In 2041, the Social Security trust fund will run out of its special issue bonds. This will mean a required 25 percent decrease in benefits and will cost Congress $300 billion a year extra to repay all of the issued bonds. This means we will either have to cut benefits drastically, monumentally increase the taxes on the people paying in or work to privatize the system so people run their own retirement. Americans would make more investing privately even with today’s benefits.

Let’s run a few numbers to see exactly how much money people are missing out on.

To start, anyone born after 1960 must wait until the age of 67 before he or she can receive regular benefits. If someone born after 1960, which includes most students, starts working at 18, this gives them 49 years of paying in to the system.

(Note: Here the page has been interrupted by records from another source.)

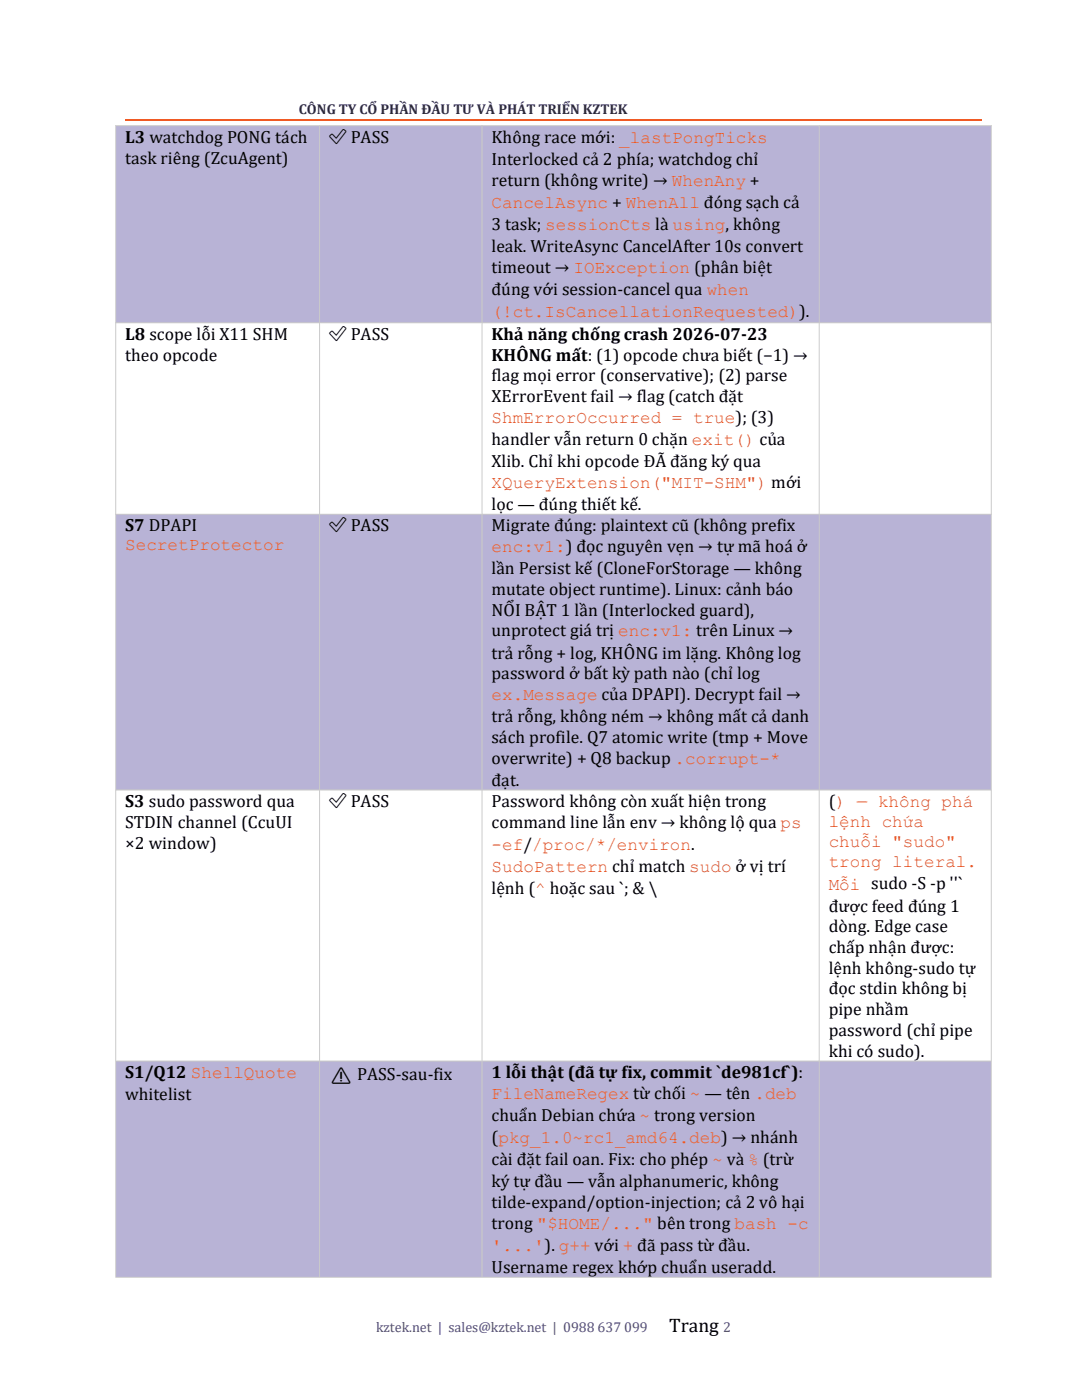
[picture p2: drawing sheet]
<svg xmlns="http://www.w3.org/2000/svg" width="216mm" height="279mm" viewBox="0 0 216 279" stroke-linecap="round" stroke-linejoin="round" font-family="sans-serif">
<defs><g id="words">
<text font-size="3.9" x="133.5" y="265.8">Trang</text>
<g font-size="3.5">
<text x="25" y="28.5">L3 watchdog PONG tách</text>
<text x="65.7" y="28.5">✅ PASS</text>
<text x="98.1" y="28.5">Không race mới: _lastPongTicks</text>
<text x="25" y="32.7">task riêng (ZcuAgent)</text>
<text x="98.1" y="32.9">Interlocked cả 2 phía; watchdog chỉ</text>
<text x="98.1" y="37.1">return (không write) → WhenAny +</text>
<text x="98.1" y="45.9">3 task; sessionCts là using, không</text>
<text x="98.1" y="50.3">leak. WriteAsync CancelAfter 10s convert</text>
<text x="98.1" y="54.4">timeout → IOException (phân biệt</text>
<text x="98.1" y="58.9">đúng với session-cancel qua when</text>
<text x="25" y="67.8">L8 scope lỗi X11 SHM</text>
<text x="25" y="72">theo opcode</text>
<text x="65.7" y="67.8">✅ PASS</text>
<text x="98.1" y="67.8">Khả năng chống crash 2026-07-23</text>
<text x="98.1" y="72">KHÔNG mất: (1) opcode chưa biết (−1) →</text>
<text x="98.1" y="76.1">flag mọi error (conservative); (2) parse</text>
<text x="98.1" y="80.2">XErrorEvent fail → flag (catch đặt</text>
<text x="98.1" y="88.8">handler vẫn return 0 chặn exit() của</text>
<text x="98.1" y="93.2">Xlib. Chỉ khi opcode ĐÃ đăng ký qua</text>
<text x="98.1" y="101.7">lọc — đúng thiết kế.</text>
<text x="25" y="106.1">S7 DPAPI</text>
<text x="65.7" y="106.1">✅ PASS</text>
<text x="98.1" y="106.1">Migrate đúng: plaintext cũ (không prefix</text>
<text x="98.1" y="114.6">lần Persist kế (CloneForStorage — không</text>
<text x="98.1" y="118.8">mutate object runtime). Linux: cảnh báo</text>
<text x="98.1" y="122.9">NỔI BẬT 1 lần (Interlocked guard),</text>
<text x="98.1" y="127">unprotect giá trị enc:v1: trên Linux →</text>
<text x="98.1" y="131.4">trả rỗng + log, KHÔNG im lặng. Không log</text>
<text x="98.1" y="135.6">password ở bất kỳ path nào (chỉ log</text>
<text x="98.1" y="144.1">trả rỗng, không ném → không mất cả danh</text>
<text x="98.1" y="148.2">sách profile. Q7 atomic write (tmp + Move</text>
<text x="98.1" y="152.4">overwrite) + Q8 backup .corrupt-*</text>
<text x="25" y="161.1">S3 sudo password qua</text>
<text x="65.7" y="161.1">✅ PASS</text>
<text x="98.1" y="156.8">đạt.</text>
<text x="98.1" y="161.1">Password không còn xuất hiện trong</text>
<text x="165.4" y="161.1">() — không phá</text>
<text x="25" y="165.2">STDIN channel (CcuUI</text>
<text x="98.1" y="165.2">command line lẫn env → không lộ qua ps</text>
<text x="25" y="169.4">×2 window)</text>
<text x="98.1" y="178.5">lệnh (^ hoặc sau `; &amp; \</text>
<text x="165.4" y="181.9">được feed đúng 1</text>
<text x="165.4" y="186.1">dòng. Edge case</text>
<text x="165.4" y="190.2">chấp nhận được:</text>
<text x="165.4" y="194.3">lệnh không-sudo tự</text>
<text x="165.4" y="198.4">đọc stdin không bị</text>
<text x="165.4" y="202.6">pipe nhầm</text>
<text x="165.4" y="206.7">password (chỉ pipe</text>
<text x="25" y="215.2">S1/Q12 ShellQuote</text>
<text x="65.7" y="215.7">⚠ PASS-sau-fix</text>
<text x="98.1" y="215.2">1 lỗi thật (đã tự fix, commit `de981cf`):</text>
<text x="165.4" y="210.9">khi có sudo).</text>
<text x="25" y="219.6">whitelist</text>
<text x="98.1" y="223.7">chuẩn Debian chứa ~ trong version</text>
<text x="98.1" y="228.2">(pkg_1.0~rc1_amd64.deb) → nhánh</text>
<text x="98.1" y="232.6">cài đặt fail oan. Fix: cho phép ~ và % (trừ</text>
<text x="98.1" y="237">ký tự đầu — vẫn alphanumeric, không</text>
<text x="98.1" y="241.1">tilde-expand/option-injection; cả 2 vô hại</text>
<text x="98.1" y="245.2">trong &quot;$HOME/...&quot; bên trong bash -c</text>
<text x="98.1" y="254.1">Username regex khớp chuẩn useradd.</text>
</g>
<g font-size="3.5" fill="#f05922">
<text x="98.1" y="41.5">CancelAsync + WhenAll đóng sạch cả</text>
<text x="98.1" y="63.3">(!ct.IsCancellationRequested)).</text>
<text x="98.1" y="84.4">ShmErrorOccurred = true); (3)</text>
<text x="98.1" y="97.3">XQueryExtension(&quot;MIT-SHM&quot;) mới</text>
<text x="25" y="109.8">SecretProtector</text>
<text x="98.1" y="110.2">enc:v1:) đọc nguyên vẹn → tự mã hoá ở</text>
<text x="98.1" y="139.7">ex.Message của DPAPI). Decrypt fail →</text>
<text x="165.4" y="165.1">lệnh chứa</text>
<text x="98.1" y="169.6">-ef//proc/*/environ.</text>
<text x="165.4" y="169.1">chuỗi &quot;sudo&quot;</text>
<text x="165.4" y="173.1">trong literal.</text>
<text x="98.1" y="174.1">SudoPattern chỉ match sudo ở vị trí</text>
<text x="165.4" y="177.5">Mỗi sudo -S -p ''`</text>
<text x="98.1" y="219.3">FileNameRegex từ chối ~ — tên .deb</text>
<text x="98.1" y="249.7">'...'). g++ với + đã pass từ đầu.</text>
</g>
<text font-size="2.8" fill="#251c53" x="59.6" y="22.8">CÔNG TY CỔ PHẦN ĐẦU TƯ VÀ PHÁT TRIỂN KZTEK</text>
<g font-size="2.8" fill="#4a3f8c">
<text x="75.1" y="265.8">kztek.net | sales@kztek.net | 0988</text>
<text x="119.3" y="265.8">637</text>
<text x="124.5" y="265.8">099</text>
<text x="144.3" y="265.8">2</text>
</g>
</g></defs>
<path d="M25 23.9h170.9" fill="none" stroke="#f05922" stroke-width=".34"/>
<g fill="#b8b3d6">
<path d="M23.1 25.1h40.6v39.3h-40.6z" fill-rule="evenodd"/>
<path d="M63.8 25.1h32.3v39.3h-32.3z" fill-rule="evenodd"/>
<path d="M96.2 25.1h67.2v39.3h-67.2z" fill-rule="evenodd"/>
<path d="M163.5 25.1h34.3v39.3h-34.3z" fill-rule="evenodd"/>
<path d="M23.1 102.7h40.6v54.9h-40.6z" fill-rule="evenodd"/>
<path d="M63.8 102.7h32.3v54.9h-32.3z" fill-rule="evenodd"/>
<path d="M96.2 102.7h67.2v54.9h-67.2z" fill-rule="evenodd"/>
<path d="M163.5 102.7h34.3v54.9h-34.3z" fill-rule="evenodd"/>
<path d="M23.1 211.8h40.6v43.1h-40.6z" fill-rule="evenodd"/>
<path d="M63.8 211.8h32.3v43.1h-32.3z" fill-rule="evenodd"/>
<path d="M96.2 211.8h67.2v43.1h-67.2z" fill-rule="evenodd"/>
<path d="M163.5 211.8h34.3v43.1h-34.3z" fill-rule="evenodd"/>
</g>
<path d="M23 25.1h174.9M23.1 25v229.8M63.8 25v229.8M96.2 25v229.8M163.5 25v229.8M197.8 25v229.8M23 64.4h174.9M23 102.6h174.9M23 157.7h174.9M23 211.8h174.9M23 254.9h174.9" fill="none" stroke="#cbcbcb" stroke-width=".2"/>
<use href="#words"/>
</svg>

Let’s take a hypothetical worker earning $33,000 a year, which is a very modest salary, as our subject. With no salary increase or decrease, and paying 8 percent per paycheck to Social Security, a total of $129,360 will be paid in over the worker’s lifetime.

With the average age of death for Americans being roughly 78 years, this gives a time of 11 years to receive benefits. With a monthly benefit payment of roughly $1,000, this worker would stand to receive $132,000. This translates into an investment, during a 49-year period, with a return of 2 percent. This is not even high enough to outrun inflation.

For anyone who knows about investments, and for most who don’t, it is clear this is a pathetic rate of return. Now take a worker earning $100,000 a year. This worker will pay in a total of $392,000, yet still only withdraw the same $132,000. If you are wondering where the other $260,000 this worker put into the system went, so is he or she. This shows the less you pay in, the more you get back.

I sure wish I could walk into a store with this same system and spend less to get more. If this wasn’t bad enough, about one third of people collecting Social Security must pay income tax on it. The only solution to fixing Social Security is to slowly phase it out.

By allowing workers to invest in private retirement accounts, Americans will get the benefit of not only receiving higher returns and more money at the end, but they will also know that the benefits will be guaranteed and not cut by the time they reach retirement age.

This will allow people to withdraw their own money at a rate that they see fit. Not many people like the idea of the government behaving like a parent who hands out a monthly allowance of their hard-earned money.